• Work order
Although the records contain pictures, only their text should be set down, exactly as written.

·····

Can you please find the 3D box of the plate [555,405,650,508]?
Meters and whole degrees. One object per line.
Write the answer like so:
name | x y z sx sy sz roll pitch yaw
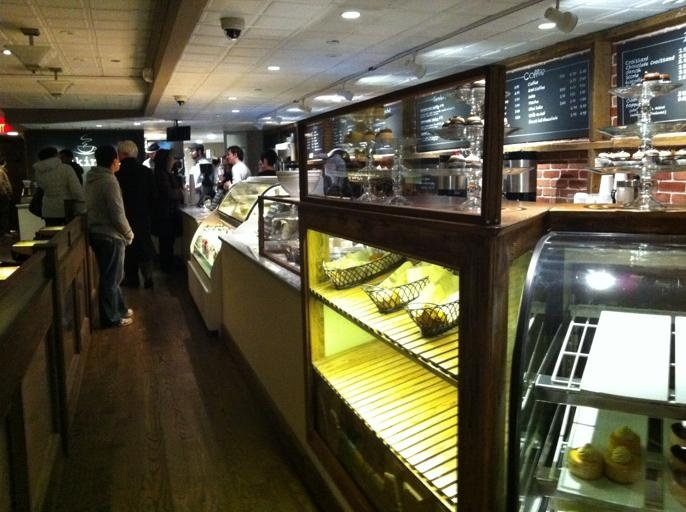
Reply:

·····

• Result of this exercise
Can you please find the 3D box of the plate [555,405,650,508]?
Meters and whole degrees. One object per line.
Write the answer like so:
name | x y z sx sy sz roll pitch yaw
Reply:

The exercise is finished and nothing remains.